# Instructions for the task
Pull each line holding the word "Units" from the data.

(Beginning of Input data)

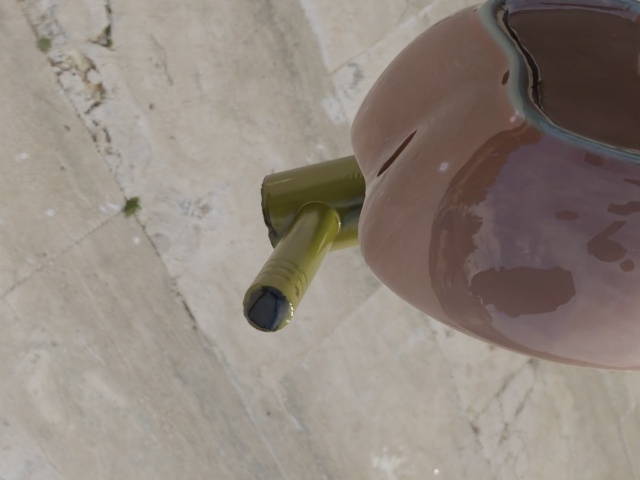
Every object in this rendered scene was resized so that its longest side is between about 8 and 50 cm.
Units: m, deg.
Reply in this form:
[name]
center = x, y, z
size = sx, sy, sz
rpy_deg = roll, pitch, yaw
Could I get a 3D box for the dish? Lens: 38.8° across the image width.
[dish]
center = 0.118, -0.049, 0.421
size = 0.213, 0.213, 0.090
rpy_deg = -25, 145, -32

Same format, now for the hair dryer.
[hair dryer]
center = 0.000, 0.000, 0.800
size = 0.279, 0.134, 0.090
rpy_deg = -61, 137, -65
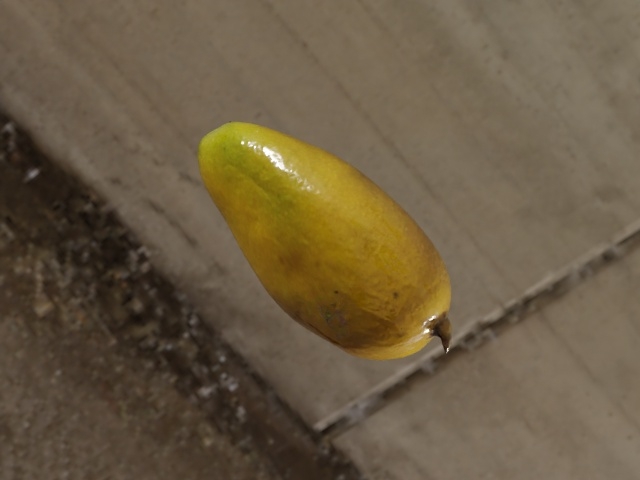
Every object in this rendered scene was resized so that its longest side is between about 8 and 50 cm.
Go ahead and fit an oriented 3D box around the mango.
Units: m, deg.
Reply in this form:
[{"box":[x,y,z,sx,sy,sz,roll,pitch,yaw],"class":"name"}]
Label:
[{"box":[0.000,0.000,0.734,0.187,0.101,0.066,44,52,12],"class":"mango"}]
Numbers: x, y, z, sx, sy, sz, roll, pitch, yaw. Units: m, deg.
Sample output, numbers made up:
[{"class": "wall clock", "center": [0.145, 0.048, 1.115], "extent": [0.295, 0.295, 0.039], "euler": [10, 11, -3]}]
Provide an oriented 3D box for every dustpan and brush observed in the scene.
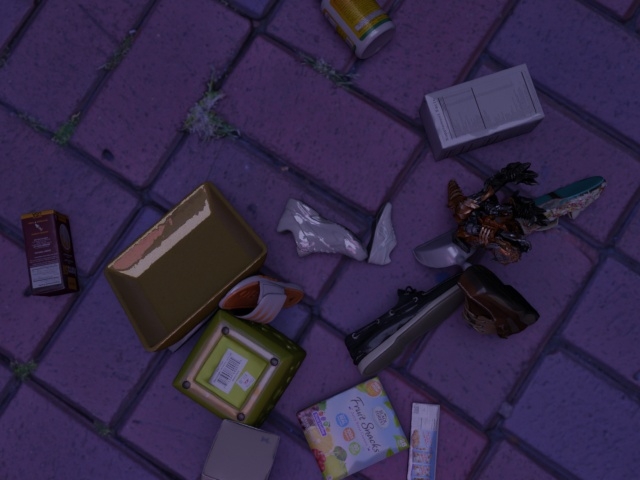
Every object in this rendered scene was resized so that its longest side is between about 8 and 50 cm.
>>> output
[{"class": "dustpan and brush", "center": [0.301, 0.031, 1.729], "extent": [0.147, 0.211, 0.060], "euler": [-26, 100, -1]}]

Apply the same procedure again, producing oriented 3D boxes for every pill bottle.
[{"class": "pill bottle", "center": [0.074, -0.548, 1.845], "extent": [0.117, 0.117, 0.208], "euler": [-38, 83, -3]}]

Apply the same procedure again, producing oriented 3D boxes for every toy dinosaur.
[{"class": "toy dinosaur", "center": [0.367, -0.068, 1.690], "extent": [0.218, 0.164, 0.322], "euler": [-30, 55, -5]}]

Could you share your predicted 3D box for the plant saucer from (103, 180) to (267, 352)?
[{"class": "plant saucer", "center": [-0.295, 0.064, 1.738], "extent": [0.332, 0.081, 0.333], "euler": [-41, 45, -3]}]

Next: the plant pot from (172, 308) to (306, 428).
[{"class": "plant pot", "center": [-0.184, 0.283, 1.706], "extent": [0.227, 0.207, 0.228], "euler": [32, 86, 5]}]

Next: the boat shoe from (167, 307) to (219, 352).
[{"class": "boat shoe", "center": [-0.274, 0.139, 1.788], "extent": [0.267, 0.096, 0.088], "euler": [-45, 88, 5]}]

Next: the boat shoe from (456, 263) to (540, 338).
[{"class": "boat shoe", "center": [0.370, 0.151, 1.662], "extent": [0.120, 0.324, 0.123], "euler": [-44, 53, 13]}]

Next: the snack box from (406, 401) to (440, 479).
[{"class": "snack box", "center": [0.234, 0.461, 1.761], "extent": [0.064, 0.022, 0.178], "euler": [5, 83, 2]}]

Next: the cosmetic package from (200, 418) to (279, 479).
[{"class": "cosmetic package", "center": [-0.184, 0.536, 1.623], "extent": [0.129, 0.153, 0.296], "euler": [17, 127, 3]}]

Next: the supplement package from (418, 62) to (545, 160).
[{"class": "supplement package", "center": [0.368, -0.294, 1.794], "extent": [0.243, 0.134, 0.139], "euler": [-17, 83, 0]}]

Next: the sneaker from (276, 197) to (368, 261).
[{"class": "sneaker", "center": [0.000, 0.000, 1.804], "extent": [0.232, 0.090, 0.115], "euler": [31, 92, 14]}]

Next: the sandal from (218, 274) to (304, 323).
[{"class": "sandal", "center": [-0.106, 0.137, 1.695], "extent": [0.102, 0.265, 0.076], "euler": [-46, 62, 23]}]

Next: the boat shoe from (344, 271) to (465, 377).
[{"class": "boat shoe", "center": [0.198, 0.163, 1.754], "extent": [0.340, 0.127, 0.113], "euler": [-40, 60, -1]}]

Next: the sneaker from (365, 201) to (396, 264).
[{"class": "sneaker", "center": [0.149, -0.015, 1.814], "extent": [0.061, 0.053, 0.152], "euler": [14, 86, -12]}]

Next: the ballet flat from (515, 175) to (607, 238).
[{"class": "ballet flat", "center": [0.552, -0.076, 1.798], "extent": [0.240, 0.091, 0.077], "euler": [-21, 113, 3]}]

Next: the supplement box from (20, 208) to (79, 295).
[{"class": "supplement box", "center": [-0.630, 0.032, 1.804], "extent": [0.080, 0.104, 0.188], "euler": [-11, 83, 0]}]

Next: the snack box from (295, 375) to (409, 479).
[{"class": "snack box", "center": [0.072, 0.426, 1.748], "extent": [0.207, 0.070, 0.175], "euler": [-25, 82, -3]}]
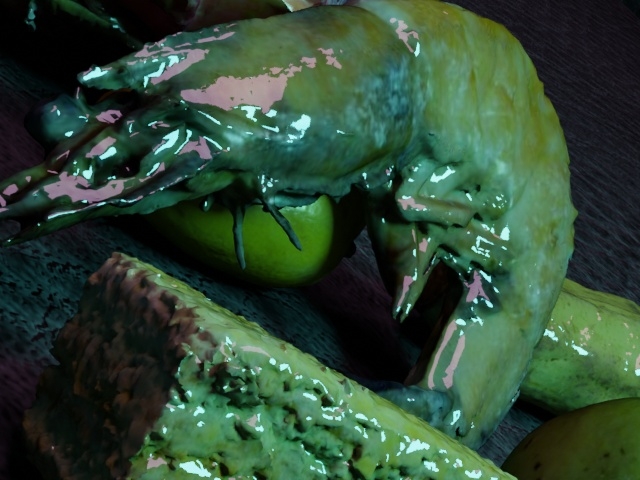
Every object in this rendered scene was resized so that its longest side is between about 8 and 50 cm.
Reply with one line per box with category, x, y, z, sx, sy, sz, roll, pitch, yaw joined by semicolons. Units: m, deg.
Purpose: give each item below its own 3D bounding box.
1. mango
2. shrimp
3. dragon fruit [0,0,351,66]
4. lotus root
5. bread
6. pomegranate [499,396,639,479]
mango;-0.054;-0.039;0.956;0.195;0.098;0.137;19;30;-32
shrimp;0.000;0.000;0.867;0.445;0.085;0.272;-5;91;-47
dragon fruit;-0.098;-0.228;1.043;0.291;0.269;0.250;22;-9;14
lotus root;0.173;0.076;1.123;0.258;0.097;0.110;22;17;-24
bread;-0.018;0.096;0.666;0.196;0.102;0.138;31;-1;-32
pomegranate;0.163;0.171;0.759;0.179;0.179;0.210;31;21;-22
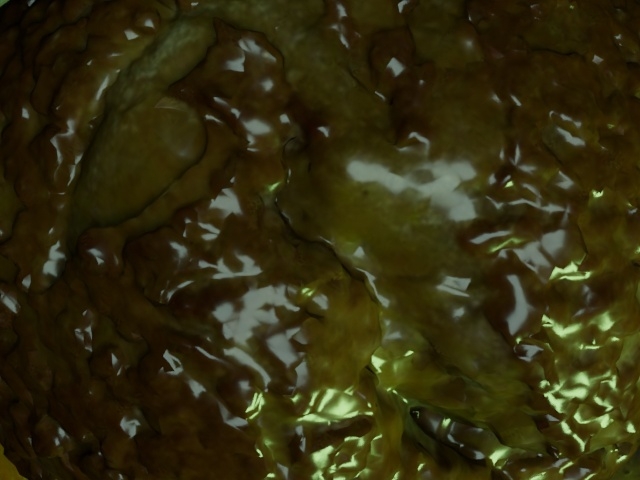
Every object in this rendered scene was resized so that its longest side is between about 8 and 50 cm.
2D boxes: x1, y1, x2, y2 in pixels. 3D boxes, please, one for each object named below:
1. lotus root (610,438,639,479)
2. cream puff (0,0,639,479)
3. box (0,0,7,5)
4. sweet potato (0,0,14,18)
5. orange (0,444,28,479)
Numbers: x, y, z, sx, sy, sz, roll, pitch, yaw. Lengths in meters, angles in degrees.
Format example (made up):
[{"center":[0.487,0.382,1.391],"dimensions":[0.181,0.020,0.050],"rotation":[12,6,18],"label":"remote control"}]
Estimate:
[{"center":[0.148,0.069,0.843],"dimensions":[0.260,0.128,0.145],"rotation":[25,88,-14],"label":"lotus root"},{"center":[0.000,0.000,0.680],"dimensions":[0.303,0.212,0.303],"rotation":[0,100,1],"label":"cream puff"},{"center":[-0.149,-0.237,0.599],"dimensions":[0.312,0.314,0.300],"rotation":[-37,105,1],"label":"box"},{"center":[-0.011,-0.139,0.783],"dimensions":[0.314,0.072,0.066],"rotation":[-22,69,-3],"label":"sweet potato"},{"center":[-0.229,0.115,0.759],"dimensions":[0.240,0.171,0.240],"rotation":[-3,105,-10],"label":"orange"}]
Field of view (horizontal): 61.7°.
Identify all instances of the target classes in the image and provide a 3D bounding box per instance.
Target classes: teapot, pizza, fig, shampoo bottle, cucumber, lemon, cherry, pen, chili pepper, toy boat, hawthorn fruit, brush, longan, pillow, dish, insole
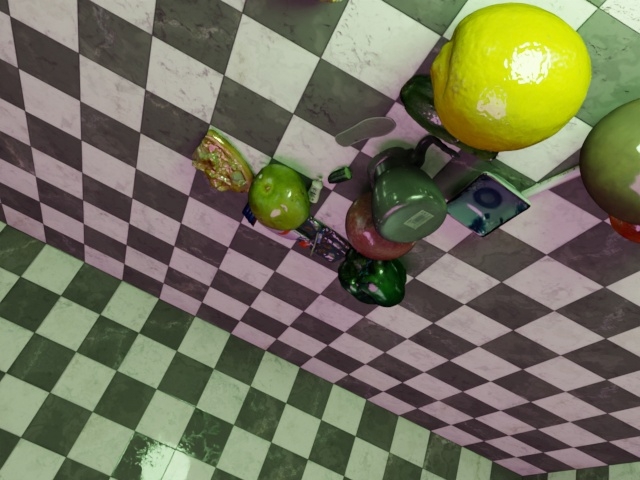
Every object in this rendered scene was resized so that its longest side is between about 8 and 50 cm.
[{"bbox_3d":[0.256,-0.185,1.628,0.223,0.285,0.305,-1,141,-15],"label":"teapot"},{"bbox_3d":[-0.381,-0.274,2.026,0.222,0.090,0.324,-6,137,31],"label":"pizza"},{"bbox_3d":[-0.115,-0.138,1.971,0.314,0.233,0.233,25,151,-39],"label":"fig"},{"bbox_3d":[-0.016,-0.191,1.970,0.048,0.034,0.141,30,146,1],"label":"shampoo bottle"},{"bbox_3d":[0.369,-0.343,1.477,0.325,0.105,0.145,29,147,-4],"label":"cucumber"},{"bbox_3d":[0.423,-0.363,1.216,0.347,0.348,0.348,15,146,11],"label":"lemon"},{"bbox_3d":[0.203,-0.047,1.826,0.261,0.307,0.221,37,118,17],"label":"cherry"},{"bbox_3d":[0.674,-0.163,1.606,0.033,0.033,0.269,36,145,-19],"label":"pen"},{"bbox_3d":[0.221,0.141,2.134,0.248,0.233,0.256,11,155,45],"label":"chili pepper"},{"bbox_3d":[-0.193,-0.070,2.210,0.219,0.072,0.318,-11,135,42],"label":"toy boat"},{"bbox_3d":[0.903,-0.071,1.491,0.179,0.179,0.200,-3,159,33],"label":"hawthorn fruit"},{"bbox_3d":[-0.014,0.008,2.192,0.029,0.033,0.179,10,145,-5],"label":"brush"},{"bbox_3d":[0.062,-0.224,1.868,0.105,0.048,0.048,-12,133,44],"label":"cucumber"},{"bbox_3d":[0.790,-0.183,1.281,0.318,0.319,0.319,15,146,11],"label":"longan"},{"bbox_3d":[0.002,0.000,2.230,0.255,0.034,0.189,35,143,-15],"label":"pillow"},{"bbox_3d":[0.524,-0.129,1.691,0.181,0.080,0.243,34,148,-5],"label":"dish"},{"bbox_3d":[0.136,-0.344,1.694,0.231,0.003,0.080,-12,133,41],"label":"insole"}]

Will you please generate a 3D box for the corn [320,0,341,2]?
[{"bbox_3d":[-0.068,-0.654,1.309,0.288,0.087,0.087,21,147,6],"label":"corn"}]
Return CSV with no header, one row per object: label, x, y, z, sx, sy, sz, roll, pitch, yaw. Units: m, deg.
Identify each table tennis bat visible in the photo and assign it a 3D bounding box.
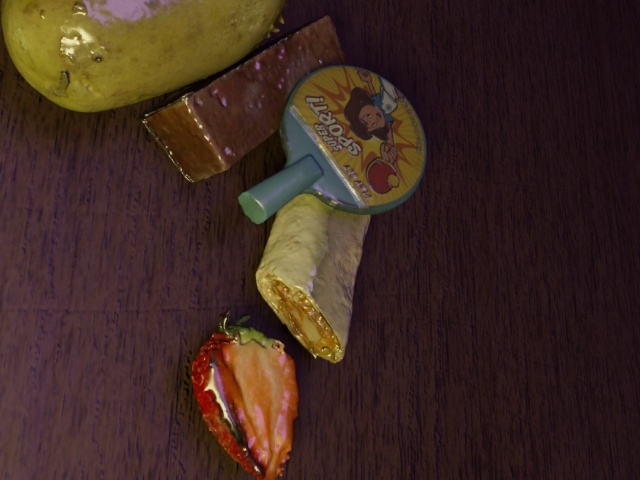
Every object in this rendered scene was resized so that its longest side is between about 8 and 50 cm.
table tennis bat,0.022,-0.118,0.968,0.329,0.044,0.215,-37,92,-37

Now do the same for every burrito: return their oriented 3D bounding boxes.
burrito,0.002,0.002,0.997,0.143,0.105,0.299,33,56,-31

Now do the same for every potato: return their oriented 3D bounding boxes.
potato,-0.208,-0.300,0.849,0.270,0.219,0.359,47,57,8

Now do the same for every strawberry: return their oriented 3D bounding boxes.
strawberry,-0.094,0.181,0.875,0.192,0.085,0.140,58,43,-15

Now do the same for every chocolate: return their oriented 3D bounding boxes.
chocolate,-0.089,-0.194,0.994,0.321,0.112,0.112,-42,113,-40
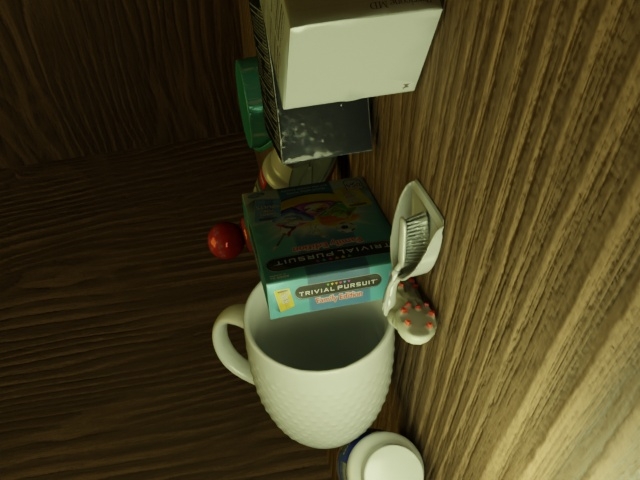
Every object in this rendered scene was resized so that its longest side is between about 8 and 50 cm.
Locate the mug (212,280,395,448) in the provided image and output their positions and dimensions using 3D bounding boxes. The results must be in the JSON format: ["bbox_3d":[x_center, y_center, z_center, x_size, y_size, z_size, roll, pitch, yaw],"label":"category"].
[{"bbox_3d":[-0.041,0.233,1.567,0.328,0.374,0.276,86,-156,-44],"label":"mug"}]

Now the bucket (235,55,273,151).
[{"bbox_3d":[-0.121,-0.378,2.157,0.281,0.183,0.281,170,90,-82],"label":"bucket"}]

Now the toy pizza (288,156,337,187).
[{"bbox_3d":[-0.008,-0.174,1.848,0.201,0.032,0.201,-43,33,37],"label":"toy pizza"}]

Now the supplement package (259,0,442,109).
[{"bbox_3d":[0.023,-0.353,1.096,0.198,0.199,0.262,103,156,-69],"label":"supplement package"}]

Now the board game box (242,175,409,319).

(End of Input data)

# Task solution
Units: m, deg.
Units: m, deg.
Numbers: x, y, z, sx, sy, sz, roll, pitch, yaw. Units: m, deg.
Reply with one line per box with category, x, y, z, sx, sy, sz, roll, pitch, yaw joined by semicolons. Units: m, deg.
Return CSV with no header, one row per object: label, x, y, z, sx, sy, sz, roll, pitch, yaw. Units: m, deg.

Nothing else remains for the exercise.